Which extant genome has the most copies in this gene family?

In [17]:
# get all species, with the count of how many genes per species
all_genes_clustered = root_hog.get_all_descendant_genes_clustered_by_species()

for species, genes in all_genes_clustered.items():
    print(species.name, len(genes))
Mustela putorius furo 1
Canis lupus familiaris 5
Ailuropoda melanoleuca 5
Felis catus 2
Equus caballus 4
Sus scrofa 7
Bos taurus 4
Ovis aries 3
Vicugna pacos 2
Pteropus vampyrus 6
Erinaceus europaeus 1
Ictidomys tridecemlineatus 1
Fukomys damarensis 18
Cavia porcellus 5
Dipodomys ordii 2
Mus musculus 1
Rattus norvegicus 1
Oryctolagus cuniculus 1
Microcebus murinus 1
Otolemur garnettii 2
Macaca mulatta 4
Papio anubis 3
Pan paniscus 5
Pan troglodytes 6
Chlorocebus sabaeus 1
Homo sapiens 4
Callithrix jacchus 2
Gorilla gorilla gorilla 1
Dasypus novemcinctus 2
Loxodonta africana 7
Echinops telfairi 1

We can see that Fukomys damarensis has the highest number of genes, 18.

How many genes in this family are in Human?

In [18]:
human_genome = ham_object.get_extant_genome_by_name('Homo sapiens')
all_genes_clustered[human_genome]
Out[18]:
[Gene(8069218), Gene(8069222), Gene(8069220), Gene(8069221)]

There are 4 genes in human.

In which lineage did the duplications making the human genes takes place?
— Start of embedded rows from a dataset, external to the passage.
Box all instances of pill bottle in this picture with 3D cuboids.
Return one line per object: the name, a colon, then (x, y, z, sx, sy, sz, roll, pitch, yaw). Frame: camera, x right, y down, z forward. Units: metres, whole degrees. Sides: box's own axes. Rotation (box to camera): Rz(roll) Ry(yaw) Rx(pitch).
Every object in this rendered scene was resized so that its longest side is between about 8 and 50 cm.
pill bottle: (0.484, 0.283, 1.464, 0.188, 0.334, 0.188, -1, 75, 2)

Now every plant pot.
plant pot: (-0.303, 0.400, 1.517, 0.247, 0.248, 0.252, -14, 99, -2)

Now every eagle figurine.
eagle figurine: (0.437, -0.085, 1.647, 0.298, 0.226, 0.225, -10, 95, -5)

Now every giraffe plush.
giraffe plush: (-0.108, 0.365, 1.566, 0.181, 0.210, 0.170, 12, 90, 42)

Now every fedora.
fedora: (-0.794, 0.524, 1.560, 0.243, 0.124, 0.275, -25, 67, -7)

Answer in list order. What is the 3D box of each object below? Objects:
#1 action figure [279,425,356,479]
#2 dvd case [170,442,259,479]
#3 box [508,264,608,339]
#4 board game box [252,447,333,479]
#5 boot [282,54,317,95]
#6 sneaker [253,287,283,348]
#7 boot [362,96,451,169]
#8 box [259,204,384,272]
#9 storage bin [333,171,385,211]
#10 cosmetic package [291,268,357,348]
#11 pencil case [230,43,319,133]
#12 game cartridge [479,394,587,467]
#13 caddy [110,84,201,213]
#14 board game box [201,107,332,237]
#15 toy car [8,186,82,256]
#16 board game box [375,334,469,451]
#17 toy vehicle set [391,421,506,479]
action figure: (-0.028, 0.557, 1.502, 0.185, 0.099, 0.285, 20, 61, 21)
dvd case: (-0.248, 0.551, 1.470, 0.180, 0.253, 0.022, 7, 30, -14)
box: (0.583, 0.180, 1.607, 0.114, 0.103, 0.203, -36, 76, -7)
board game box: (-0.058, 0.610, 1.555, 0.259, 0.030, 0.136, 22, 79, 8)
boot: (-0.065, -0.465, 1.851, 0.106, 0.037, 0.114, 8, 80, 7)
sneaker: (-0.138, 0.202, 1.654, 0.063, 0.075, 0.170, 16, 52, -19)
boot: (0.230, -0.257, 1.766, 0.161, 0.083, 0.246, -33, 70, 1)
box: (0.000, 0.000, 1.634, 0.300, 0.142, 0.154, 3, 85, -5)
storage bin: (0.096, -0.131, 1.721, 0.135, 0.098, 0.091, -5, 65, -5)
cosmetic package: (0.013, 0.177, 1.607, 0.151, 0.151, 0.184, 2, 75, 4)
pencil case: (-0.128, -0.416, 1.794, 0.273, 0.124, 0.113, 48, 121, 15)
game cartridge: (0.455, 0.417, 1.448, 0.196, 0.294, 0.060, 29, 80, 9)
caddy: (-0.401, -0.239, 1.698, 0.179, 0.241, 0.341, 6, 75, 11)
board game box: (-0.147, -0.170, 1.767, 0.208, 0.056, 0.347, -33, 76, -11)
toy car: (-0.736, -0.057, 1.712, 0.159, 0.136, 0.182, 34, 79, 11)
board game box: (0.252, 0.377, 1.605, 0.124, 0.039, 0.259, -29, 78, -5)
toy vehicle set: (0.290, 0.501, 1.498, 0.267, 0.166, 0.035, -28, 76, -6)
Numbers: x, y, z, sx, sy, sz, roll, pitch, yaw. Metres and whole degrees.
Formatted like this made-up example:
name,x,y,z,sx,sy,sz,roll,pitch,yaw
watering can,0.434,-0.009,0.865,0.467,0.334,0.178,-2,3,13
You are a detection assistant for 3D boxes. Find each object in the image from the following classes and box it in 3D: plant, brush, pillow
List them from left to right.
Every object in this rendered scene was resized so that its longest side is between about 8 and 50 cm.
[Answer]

We can make a treeprofile to visualize the duplication events along the species tree.

In [20]:
# create the treeprofile object
output_filename = "tree_profile.html"
treeprofile_myhog = ham_object.create_tree_profile(hog=root_hog, outfile=output_filename)

from IPython.display import IFrame
IFrame(output_filename, width=860, height=640)
Out[20]:
  • Click on the settings botton
  • On Displayed info, choose "Events"
  • Zoom/rescale the view in order to comfortably read it. You can also collapse nodes on the tree by clicking on them and choosing collapse.
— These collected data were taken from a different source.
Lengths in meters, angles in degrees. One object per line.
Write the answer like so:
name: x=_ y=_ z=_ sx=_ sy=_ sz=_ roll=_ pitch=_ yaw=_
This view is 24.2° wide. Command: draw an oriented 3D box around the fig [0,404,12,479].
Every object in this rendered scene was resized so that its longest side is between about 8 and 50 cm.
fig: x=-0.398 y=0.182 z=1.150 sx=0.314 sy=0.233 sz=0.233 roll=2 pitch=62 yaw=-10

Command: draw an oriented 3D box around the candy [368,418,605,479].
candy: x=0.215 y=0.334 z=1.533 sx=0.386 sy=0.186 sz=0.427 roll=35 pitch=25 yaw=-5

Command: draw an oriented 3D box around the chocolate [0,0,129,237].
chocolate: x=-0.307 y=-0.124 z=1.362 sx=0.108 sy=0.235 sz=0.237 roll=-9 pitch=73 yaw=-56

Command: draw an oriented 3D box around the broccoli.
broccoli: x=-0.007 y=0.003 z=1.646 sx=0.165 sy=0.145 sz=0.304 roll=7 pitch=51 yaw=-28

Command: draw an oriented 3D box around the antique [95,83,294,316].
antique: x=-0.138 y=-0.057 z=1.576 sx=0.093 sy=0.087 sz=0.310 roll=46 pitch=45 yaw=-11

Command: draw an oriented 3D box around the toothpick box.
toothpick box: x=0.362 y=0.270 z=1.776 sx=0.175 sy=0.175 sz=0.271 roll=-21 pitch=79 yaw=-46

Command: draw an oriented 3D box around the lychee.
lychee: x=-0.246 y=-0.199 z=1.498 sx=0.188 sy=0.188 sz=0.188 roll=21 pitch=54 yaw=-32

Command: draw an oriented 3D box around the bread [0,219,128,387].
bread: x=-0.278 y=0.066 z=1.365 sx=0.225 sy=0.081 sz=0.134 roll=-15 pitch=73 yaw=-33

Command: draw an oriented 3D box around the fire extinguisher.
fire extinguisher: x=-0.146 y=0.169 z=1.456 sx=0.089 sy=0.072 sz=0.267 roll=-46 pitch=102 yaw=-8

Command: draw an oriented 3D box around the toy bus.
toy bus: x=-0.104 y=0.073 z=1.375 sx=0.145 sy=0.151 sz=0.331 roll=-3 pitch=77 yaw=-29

We can see that the duplications leading to the human species occurred on the branches leading to the Simiiformes (3 duplications), on the branch leading to Homininae (1 duplication), as well as on the branch leading to Homo sapiens (1 duplication). Why are there only 4 genes in human rather than 6? Because we can see in Homo sapiens there are 2 genes which have been lost.